The porous substrates prepared from colloidal templating can be applied to conventional photolithographic processes prior to silanization. A conventional photoresist (S1818, positive tone resist) is spincoated (4000 rm, 60 s) on the unsilanized inverse monolayer substrate. Illumination with UV light following the recipe of the photoresist manufacturer (Shipley Company, Marlborough, Mass.) with a irradiation dose of 200 mJ/cm2 followed by development of the structures (Developer MF319, 60 s). The substrate, consisting of areas covered by photoresist and free areas is plasma treated for 5 min and then fluorosilanized similar to non-patterned substrates. After silanization, the resist is washed off the substrate (Remover PG 1165). Application of lubricant then produces patterned SLIPS surfaces as the conditions for stable SLIPS state is only fulfilled in the fluorosilane-functionalized surface regions. Such structures can be patterned for preparation of a patterned SLIPS surface. For example, as shown in FIG. 15, an inverse monolayer substrate (1) can be coated with photoresist (2), irradiated and developed to create the desired surface pattern (3). Vapor-phase silanization can be applied to create fluorinated surface functionalities at the exposed surface regions (4); the protected surface regions can remain unfunctionalized after removal of the photoresist (5). Due to its low surface energy, addition of lubricating liquid can first create a homogeneous liquid film on the surface (6). Then, addition of a second repellent liquid (7) can lead to a selective replacement of the lubricating liquid at the unfunctionalized surface areas (8).

The uniformity and low height of the surface structures enables the application of conventional photolithographic processes to prepare locally confined patterned SLIPS regions (see FIG. 15). The process is based on the creation of surface functionality patterns. The lubricating liquid is only locked-in firmly in areas with matching surface chemistry, while it will be replaced by a second liquid in areas with different surface chemistry.

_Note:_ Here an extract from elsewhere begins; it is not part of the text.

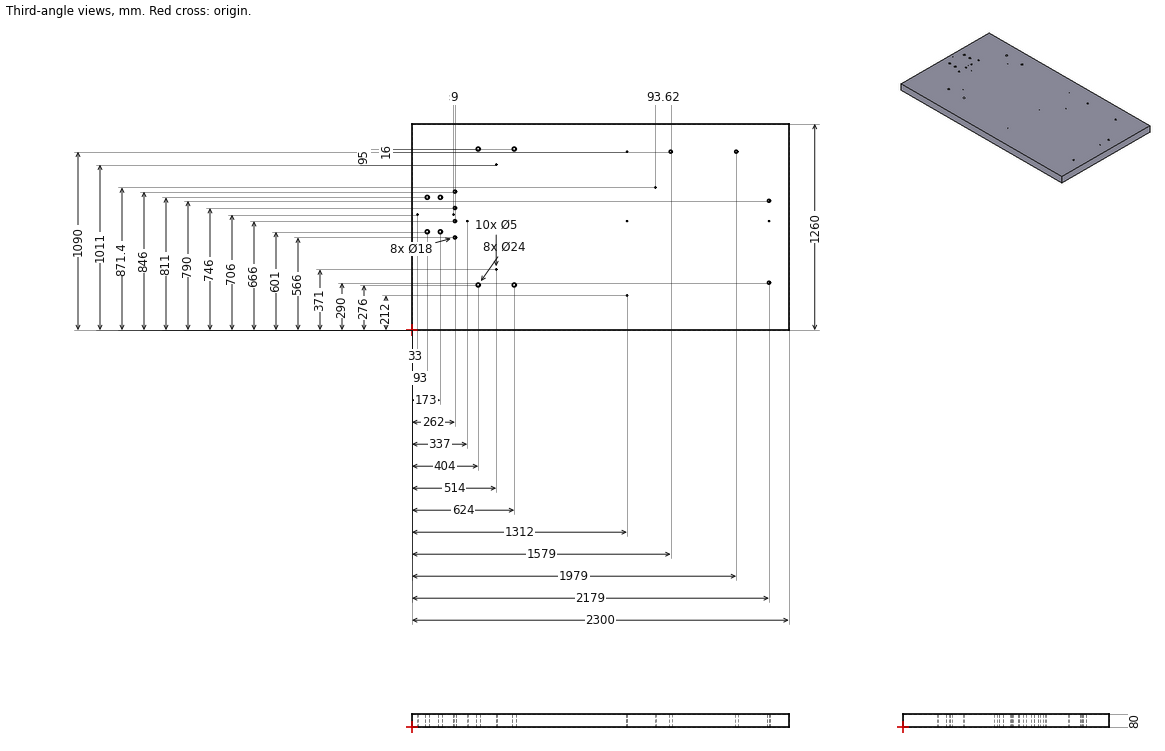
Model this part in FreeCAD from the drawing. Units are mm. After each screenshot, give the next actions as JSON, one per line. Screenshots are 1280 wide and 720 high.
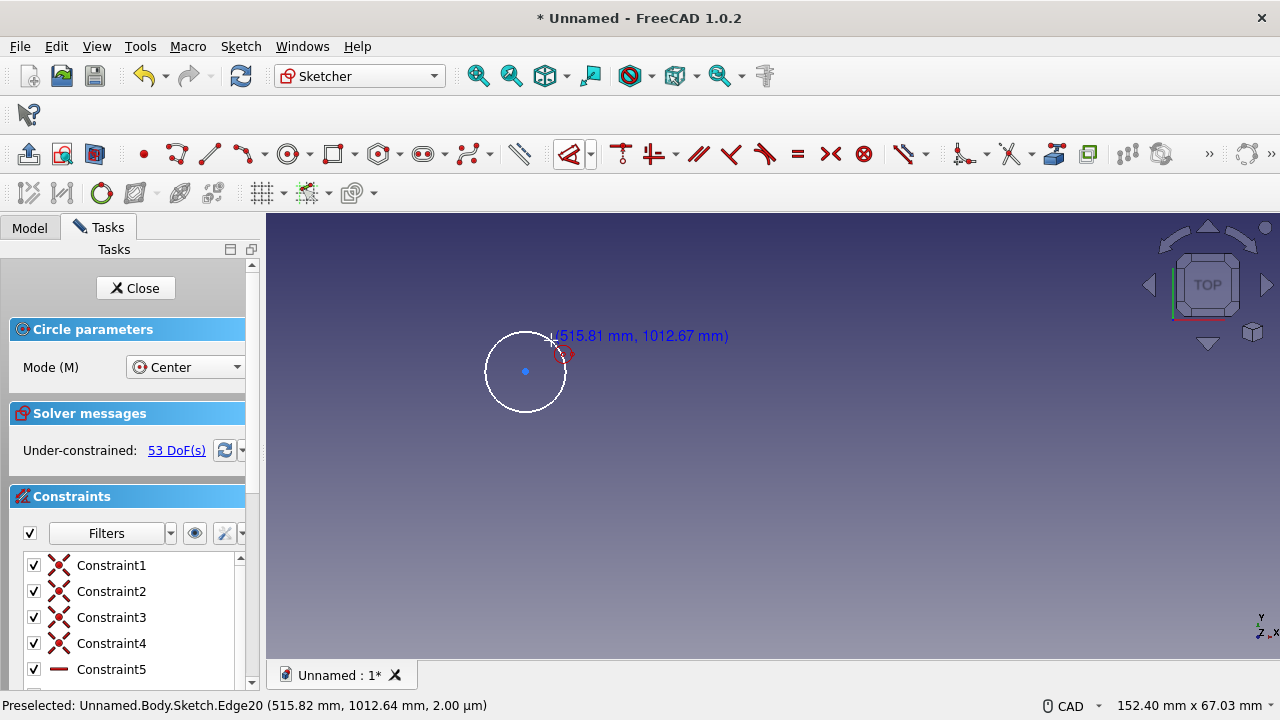
{"action": "scroll", "coordinate": [564, 351], "scroll_direction": "down", "scroll_amount": 17}

However, due to its low surface energy, addition of the lubricating liquid leads to a homogeneous lubricating liquid film covering the entire coating. Upon the addition of a second liquid, a metastable state can be created in which the lubricating liquid layer is not immediately disrupted by the liquid (see state 6 in FIG. 15). Eventually, the energetically most favorable state is reached as the liquid displaces the lubricating liquid layer in non-functionalized surface regions. Stable SLIPS surface regions defined by the fluorinated surface chemistry remain wetted by the lubricating liquid only without being displaced by the applied test liquid to be repelled. The superior performance of the SLIPS-based approach to create patterns of liquids on solid substrates is shown in FIG. 16. As shown, several test liquids are successfully confined to designated surface regions based on matching surface chemistry.

Those skilled in the art would readily appreciate that all parameters and configurations described herein are meant to be exemplary and that actual parameters and configurations will depend upon the specific application for which the systems and methods of the present invention are used. Those skilled in the art will recognize, or be able to ascertain using no more than routine experimentation, many equivalents to the specific embodiments of the invention described herein. It is, therefore, to be understood that the foregoing embodiments are presented by way of example only and that the invention may be practiced otherwise than as specifically described. The present invention is directed to each individual feature, system, or method described herein. In addition, any combination of two or more such features, systems or methods, if such features, systems or methods are not mutually inconsistent, is included within the scope of the present invention.